Me and the Big Black Cloud

Many of you who know me, know that I have spent many, many years of my life struggling with depression. Depression is still a very misunderstood illness. A lot of people think that because they have felt low for the occasional day this means they know all about depression.

I am NOT an expert, but having lived with depression all through my teenage years, as well as for a large proportion of my adult life, I can at least tell you about my experience.

Depression is not waking up feeling sad. Depression is waking up and feeling numb: everything is muted; the colours aren’t as bright; noises come to you through cotton wool; emotions lack depth. It’s like living in a permanent fog.

The big problem is, you’re not even sure that there is a problem a lot of the time. You can’t remember what it’s like not to feel that way… just a little bit dead inside.

And depression is nasty, because every now and then you’ll have a good day and think “great, I’m better now”, and the next day everything will be hopeless again.

When you feel depressed you know that nobody wants to know, or hear, about it. You get really good at camouflaging it. You smile harder so that no one will guess how hopeless you feel.

You don’t believe that anyone could really like you, not if they knew how low and worthless you felt inside. You keep people at an arms length, because you think they wouldn’t like you if they knew you, so you don’t let them know you, and you reinforce the whole cyclical negative thought process by telling yourself that the friends you do have only like the person you pretend to be, not the “real” you. And that way you nullify the love and support they offer you.

You have NO CONTROL over this! Sometimes you are aware of the way you are thinking, but you can’t stop it. The glass really is only half full – it’s not enough – but you can’t do anything about it. You’re living with a big black cloud that WILL rain on your parade any time it wants to.

And then there are those times when nothing is hopeful, you’re going to feel like this forever, you’re never going to have any real friends, no one will ever really love you, nothing good will ever really happen, nothing will ever change… and that thought, that last thought is so awful that you want to die.
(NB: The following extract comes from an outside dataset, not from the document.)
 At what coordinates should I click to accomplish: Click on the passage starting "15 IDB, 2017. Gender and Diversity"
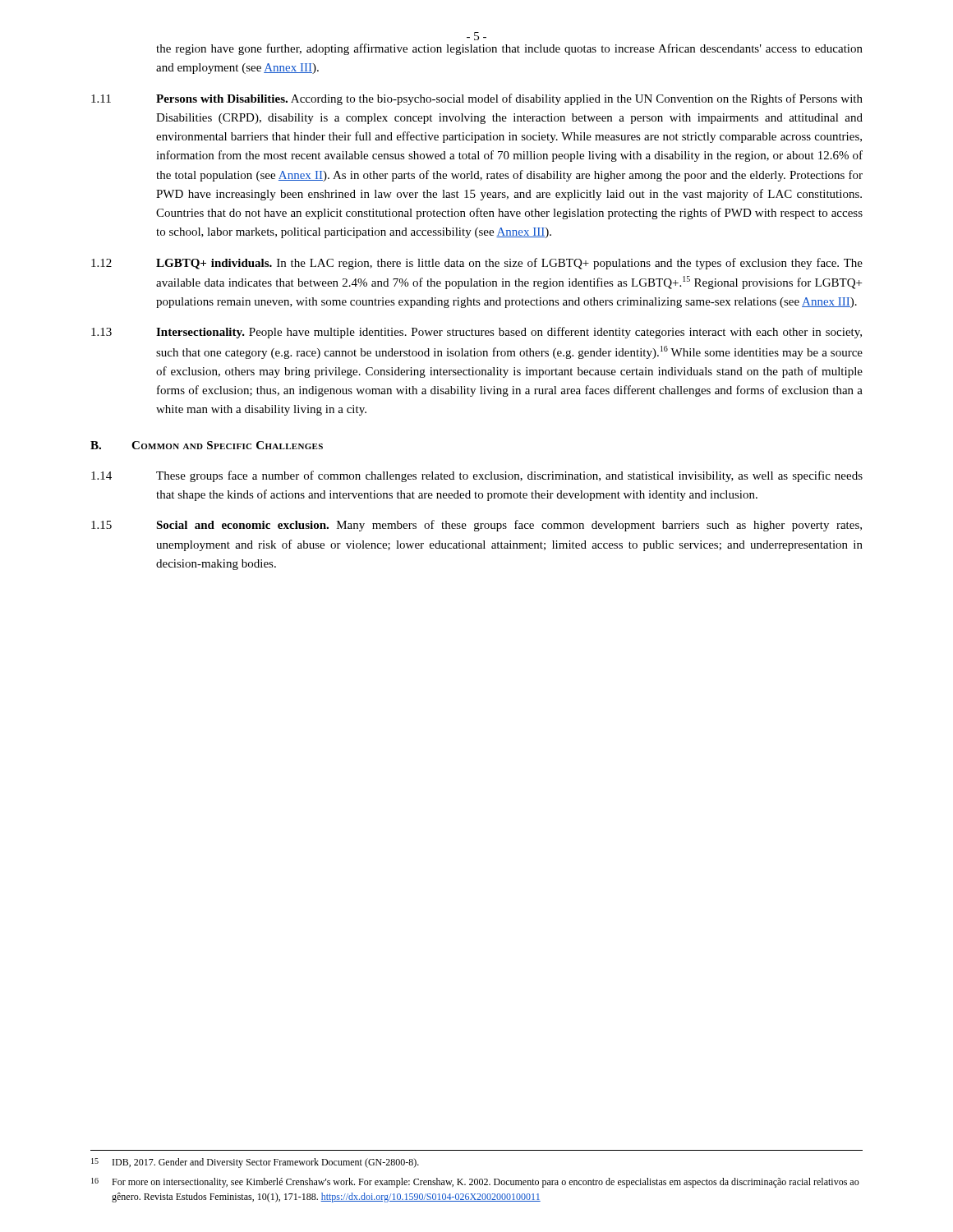[x=255, y=1163]

NOTHING WILL EVER CHANGE. And you can’t bear it.

But things can change, and you have to hold on to that certainty with both hands. Life is change. Everything changes, all the time, often only little by little, but inexorably change comes.

I was lucky. In my life at different times I have had two brilliant counsellors. They both encouraged me to talk about myself and my feelings. They didn’t judge me. They accepted the bad, and the good. They waited with me when I wasn’t ready to move forward. They understood that sometimes I wasn’t able (yet) to pass a sticking point. They challenged me when what I said didn’t make sense. Until, sometimes in huge leaps and sometimes in tiny baby steps, I started to understand myself and to forgive myself for not being perfect. And I started to forgive the people, who, with the best of intentions, had set the foundations for my depression.
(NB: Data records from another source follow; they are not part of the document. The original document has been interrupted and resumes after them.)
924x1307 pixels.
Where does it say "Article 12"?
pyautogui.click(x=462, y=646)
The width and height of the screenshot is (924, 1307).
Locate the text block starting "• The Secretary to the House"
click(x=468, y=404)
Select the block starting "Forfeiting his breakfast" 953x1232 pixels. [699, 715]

And I am even more lucky, because I have dear friends who have stood by me in really difficult times, and listened to me repeat myself, and not judged me, but understood that some things have to be said more than once, more than twice even.

And I am even more lucky, because my lovely daughter mostly forgives me for her less than ideal childhood. I think she knows how much I love her.
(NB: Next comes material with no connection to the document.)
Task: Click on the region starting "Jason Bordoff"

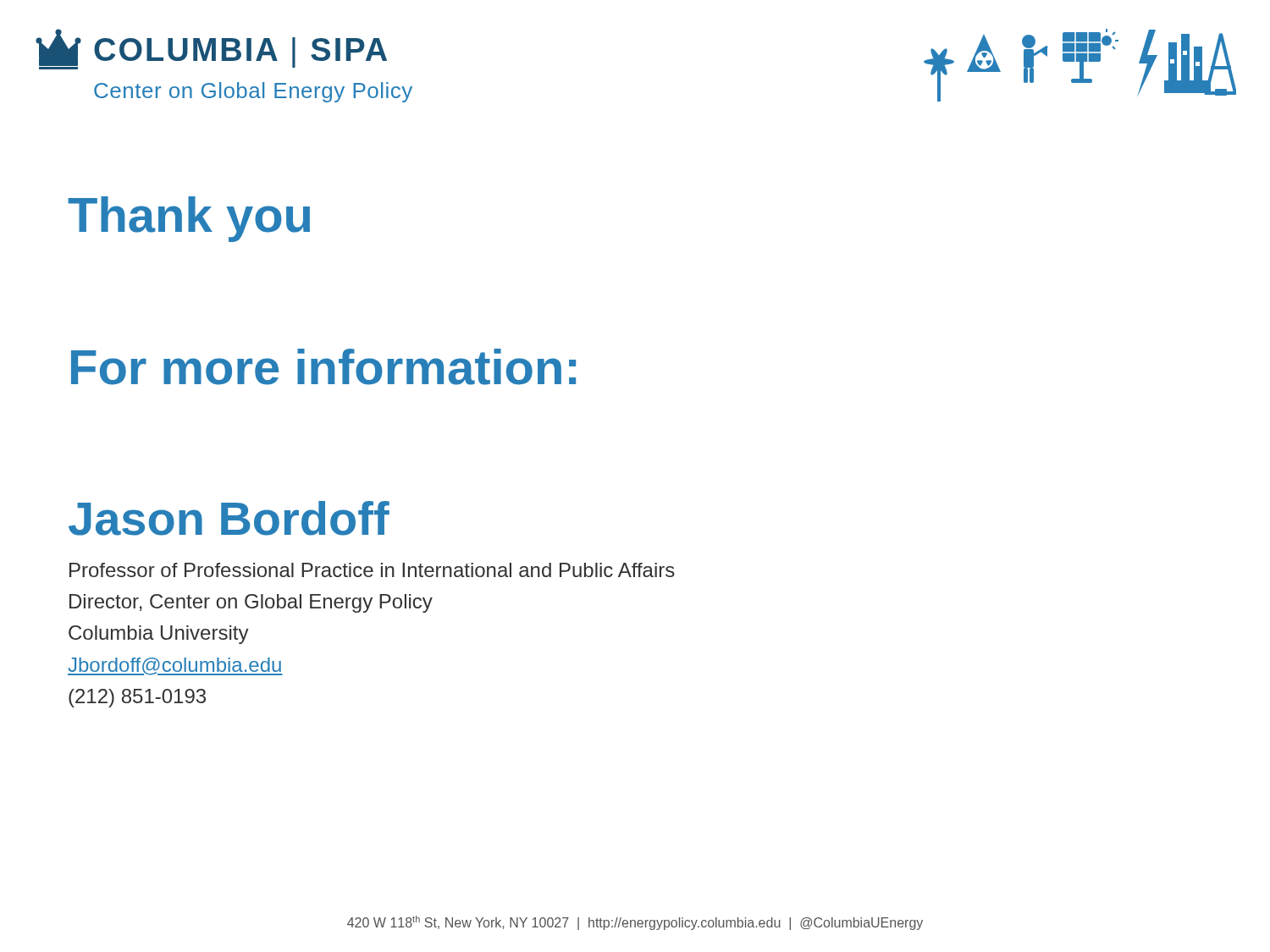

And I am even more lucky, because I found my lovely Tim. I have never been so loved, and I have never loved so much. And I am happy.

I know how fragile and precious happy is. I know how easy it can be to slip back into old habits of thinking. But I really do believe that this time I have done enough work, I have made myself (with everyone’s help) strong enough not to become depressed again, even when life challenges me with sadness.

So, for those of you still caught, hold on, KNOW life is change, your life, your mind can change. You too can find happy when you are ready to.